Evaluating Verifiability in Generative Search Engines (2304.09848v2)

Published 19 Apr 2023 in cs.CL and cs.IR

Abstract: Generative search engines directly generate responses to user queries, along with in-line citations. A prerequisite trait of a trustworthy generative search engine is verifiability, i.e., systems should cite comprehensively (high citation recall; all statements are fully supported by citations) and accurately (high citation precision; every cite supports its associated statement). We conduct human evaluation to audit four popular generative search engines -- Bing Chat, NeevaAI, perplexity.ai, and YouChat -- across a diverse set of queries from a variety of sources (e.g., historical Google user queries, dynamically-collected open-ended questions on Reddit, etc.). We find that responses from existing generative search engines are fluent and appear informative, but frequently contain unsupported statements and inaccurate citations: on average, a mere 51.5% of generated sentences are fully supported by citations and only 74.5% of citations support their associated sentence. We believe that these results are concerningly low for systems that may serve as a primary tool for information-seeking users, especially given their facade of trustworthiness.
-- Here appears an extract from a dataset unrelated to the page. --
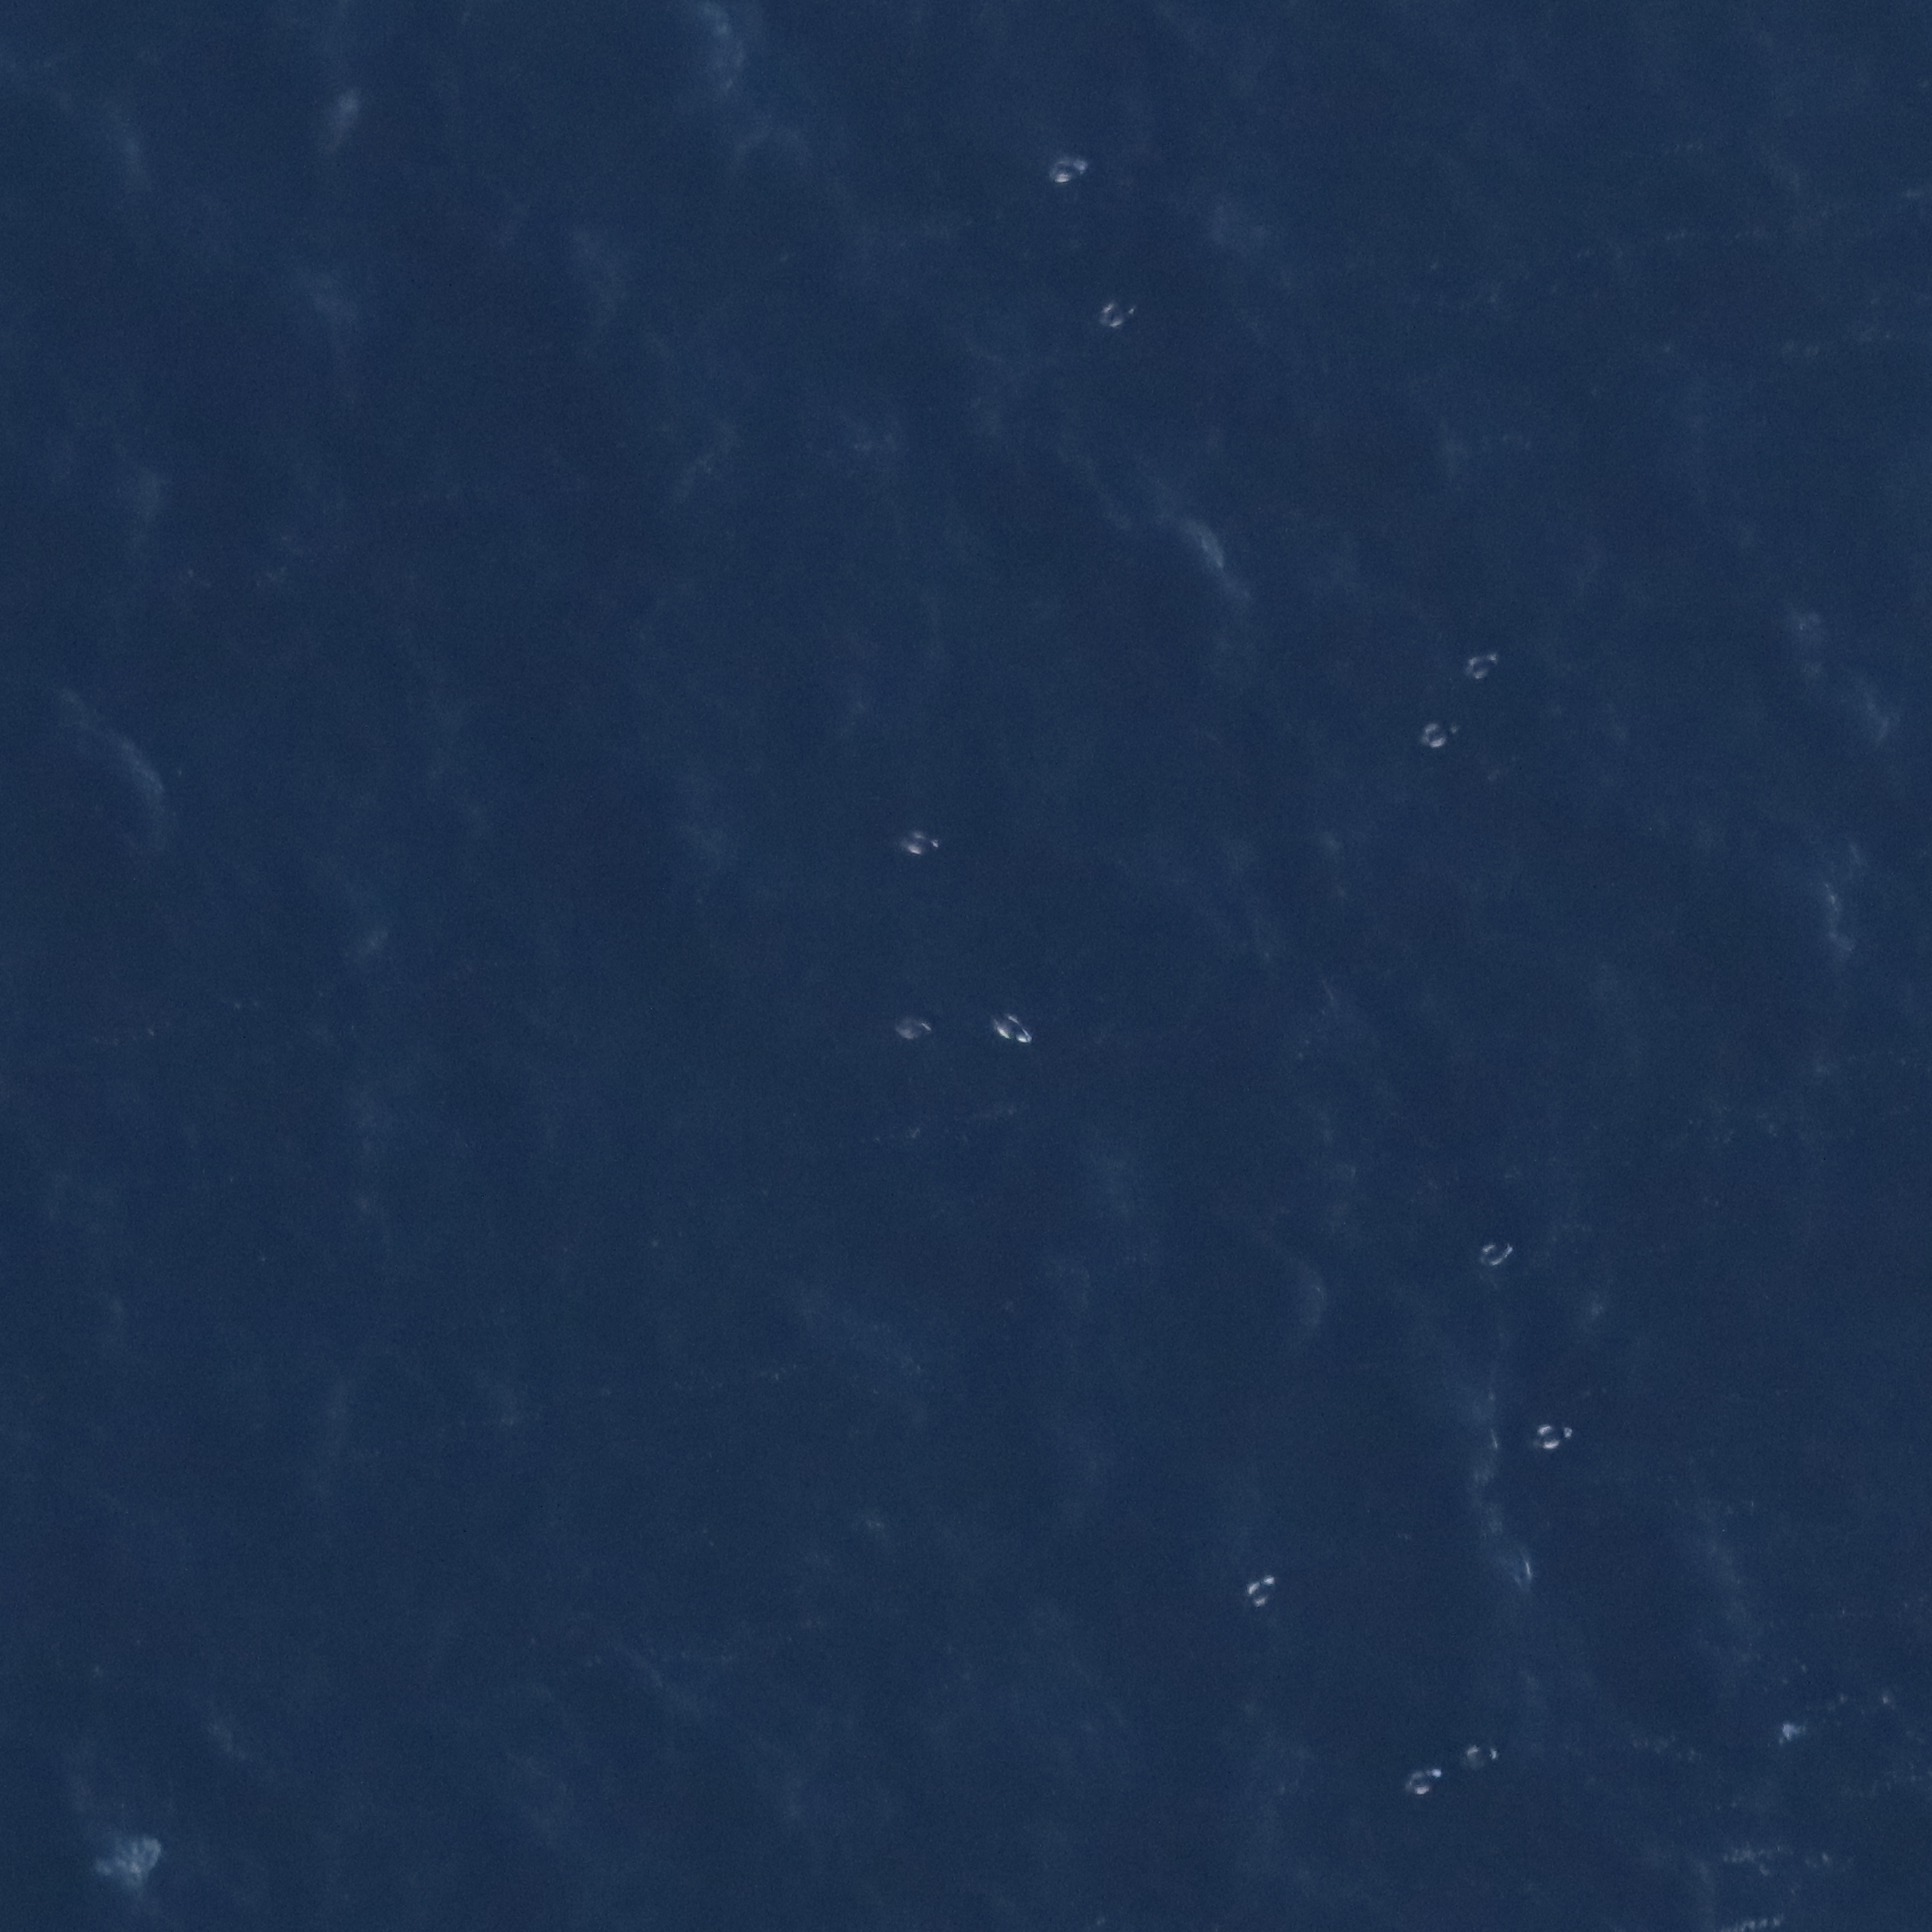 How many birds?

12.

We hope that our results further motivate the development of trustworthy generative search engines and help researchers and users better understand the shortcomings of existing commercial systems.

PDF Abstract

Evaluating Verifiability in Generative Search Engines

This paper presents a comprehensive evaluation of the verifiability of popular generative search engines, specifically focusing on Bing Chat, NeevaAI, perplexity.ai, and YouChat. The researchers investigate the extent to which these systems provide responses that are fully supported by citations, ensuring their reliability as information sources. The paper employs a detailed human evaluation protocol across a diverse array of queries derived from various sources, such as historical Google user queries and open-ended Reddit questions, in order to ascertain the systems' citation recall and precision.

The core premise of this paper is that verifiability is an essential characteristic of trustworthy generative search systems, where verifiability is defined as the capability of the system to provide citations that comprehensively and accurately support every generated statement. This entails a high citation recall, where all statements are supported by citations, and high citation precision, ensuring that all citations are relevant to their corresponding statements.

The researchers conducted their evaluations with 1450 queries per system, measuring several dimensions, including fluency, perceived utility, citation recall, and citation precision. Notably, the findings reveal that while the evaluated generative search engines often produce responses that are fluent and appear informative, they frequently contain unsupported statements and citations, rendering them potentially misleading.

Statistical results indicate that only 51.5% of the generated statements are fully supported by citations, with citation precision averaging at 74.5%. The discrepancy between a perceived trustworthiness (derived from high fluency scores) and the actual accuracy of citations suggests an inherent risk for misinformation among users who might not verify citations proactively. The correlation between perceived utility and citation precision demonstrates an inverse relationship, with lower precision often correlating with higher perceived utility, possibly due to paraphrasing and slight deviations from source content by some systems.

The investigation into existing systems highlights differences in citation recall and precision across the four evaluated search engines and explores potential causes for these discrepancies. For instance, Bing Chat shows the highest citation precision but at the expense of perceived utility, likely because of its tendency to closely follow the cited articles. Conversely, YouChat displays the lowest citation precision, but its responses are perceived as more useful, indicating a greater degree of abstraction and creative synthesis.

The implications of this work are significant for both researchers and practitioners involved in the development and deployment of generative models. From a theoretical perspective, the paper contributes to understanding the trade-offs associated with designing systems that balance factuality, relevance, and user engagement. In practical terms, these insights underscore the critical need for enhanced citation mechanisms that do not merely improve accuracy but also maintain the perceived utility without compromising factual correctness.

The analysis exposes the fine line between the effective distribution of correct information and the perpetual risk of misinformation, invoking a call to action for further research. Future developments could focus on nuanced strategies to mitigate the identified shortcomings, such as integrating more robust sourcing techniques or developing metrics that more precisely capture the intricacies of meaningful content generation coupled with reliable references.

In summary, the paper delivers an in-depth assessment of current generative search engines and their handling of verifiable content, offering a foundation for improved design methodologies in generative information retrieval systems. It emphasizes the urgency for the academic and industrial sectors to collaborate on creating solutions that ensure generative models become dependable, trustworthy sources of information in the digital era.